In 2009, she appeared in two matches of the Turkey women's team. She was called up again in 2015, and played in the friendly match against Albania on 19 August 2015. Koç took part at the UEFA Women's Euro 2017 qualifying Group 5 game against Hungary on 21 October the same year.

==Career statistics==

| Club | Season | League |  |  | Continental |  | National |  | Total |  |
| Division | Apps | Goals | Apps | Goals | Apps | Goals | Apps | Goals |
| 1207 Antalyaspor | 2015–16 | Women's First | 16 | 1 | – | – | 2 | 0 | 18 | 1 |
| Total |  | 16 | 1 | – | – | 2 | 0 | 18 | 1 |

==In media==
Filiz Koç acts as a model, and appears in advertisings.

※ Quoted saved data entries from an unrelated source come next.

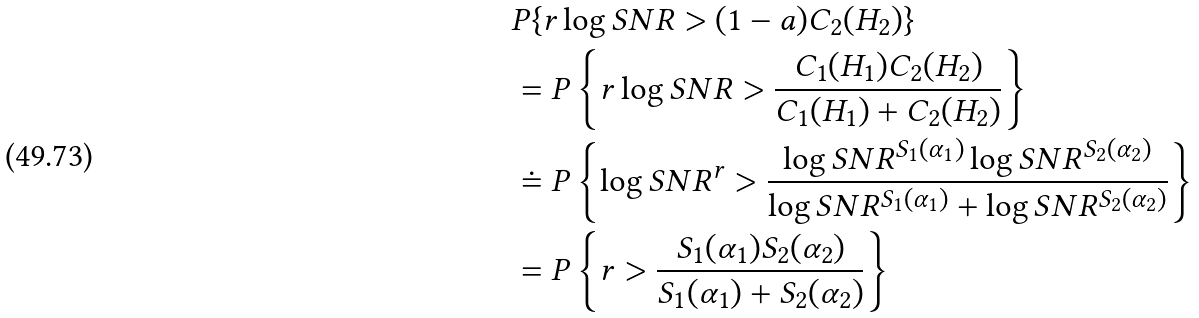Convert formula to latex. <formula><loc_0><loc_0><loc_500><loc_500>& P \{ r \log S N R > ( 1 - a ) C _ { 2 } ( H _ { 2 } ) \} \\ & = P \left \{ r \log S N R > \frac { C _ { 1 } ( H _ { 1 } ) C _ { 2 } ( H _ { 2 } ) } { C _ { 1 } ( H _ { 1 } ) + C _ { 2 } ( H _ { 2 } ) } \right \} \\ & \doteq P \left \{ \log S N R ^ { r } > \frac { \log S N R ^ { S _ { 1 } ( \alpha _ { 1 } ) } \log S N R ^ { S _ { 2 } ( \alpha _ { 2 } ) } } { \log S N R ^ { S _ { 1 } ( \alpha _ { 1 } ) } + \log S N R ^ { S _ { 2 } ( \alpha _ { 2 } ) } } \right \} \\ & = P \left \{ r > \frac { S _ { 1 } ( \alpha _ { 1 } ) S _ { 2 } ( \alpha _ { 2 } ) } { S _ { 1 } ( \alpha _ { 1 } ) + S _ { 2 } ( \alpha _ { 2 } ) } \right \}</formula> 
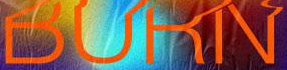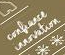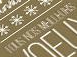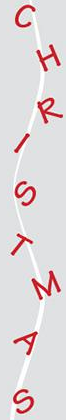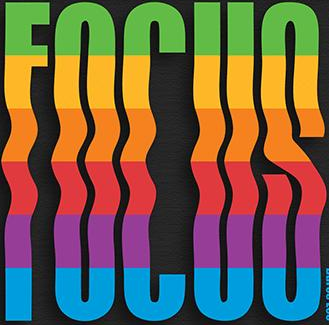What words are shown in these images in order, separated by a semicolon? BURN; #; #; CHRISTMAS; FOCUS 
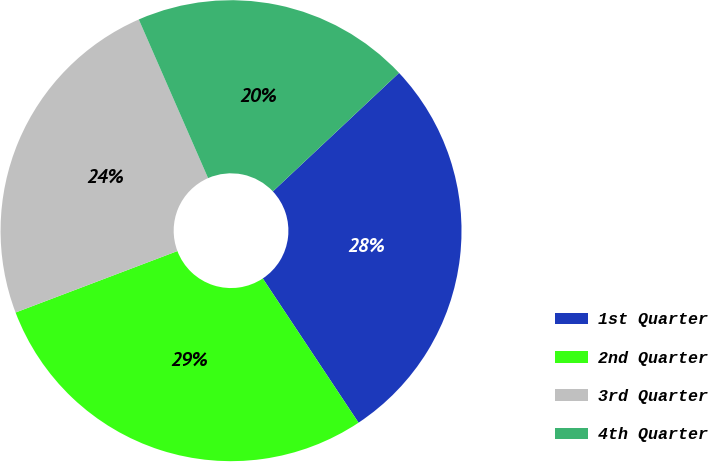<chart> <loc_0><loc_0><loc_500><loc_500><pie_chart><fcel>1st Quarter<fcel>2nd Quarter<fcel>3rd Quarter<fcel>4th Quarter<nl><fcel>27.67%<fcel>28.55%<fcel>24.22%<fcel>19.55%<nl></chart> 
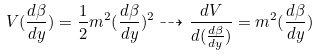Convert formula to latex. <formula><loc_0><loc_0><loc_500><loc_500>V ( \frac { d \beta } { d y } ) = \frac { 1 } { 2 } m ^ { 2 } ( \frac { d \beta } { d y } ) ^ { 2 } \dashrightarrow \frac { d V } { d ( \frac { d \beta } { d y } ) } = m ^ { 2 } ( \frac { d \beta } { d y } )</formula>

At age 18, she participated at the local beauty pageant "Miss Hannover" upon her mother's request, and placed second.

Representing Turkey, she became runner-up "Miss EM" (EM is the German language abbreviation for European Championship) among 16 contestants ranking after Domenica Huzvarova from the Czech Republic at a beauty pageant held at Europa-Park, Germany on the occasion of the UEFA Euro 2008.

Filiz Koç took part in 2010 at the game show Die perfekte Minute broadcast by Sat.1, and won a money prize of 75,000 by exhibiting her freestyle football art.

In June 2011, Filiz Koç performed the role of "Fadime Gülüc", a murdered fictional German woman footballer of Turkish descent in the episode Im Abseits (In Offside) of police procedural television series Tatort aired by the ARD channel.

She worked as a sideline reporter of Sky Deutschland for the 2. Bundesliga matches beginning with the 2011–12 football season.

Filiz Koç appeared in the German reality shows Die Model WG and Das Model und der Freak aired by the German commercial TV channel ProSieben.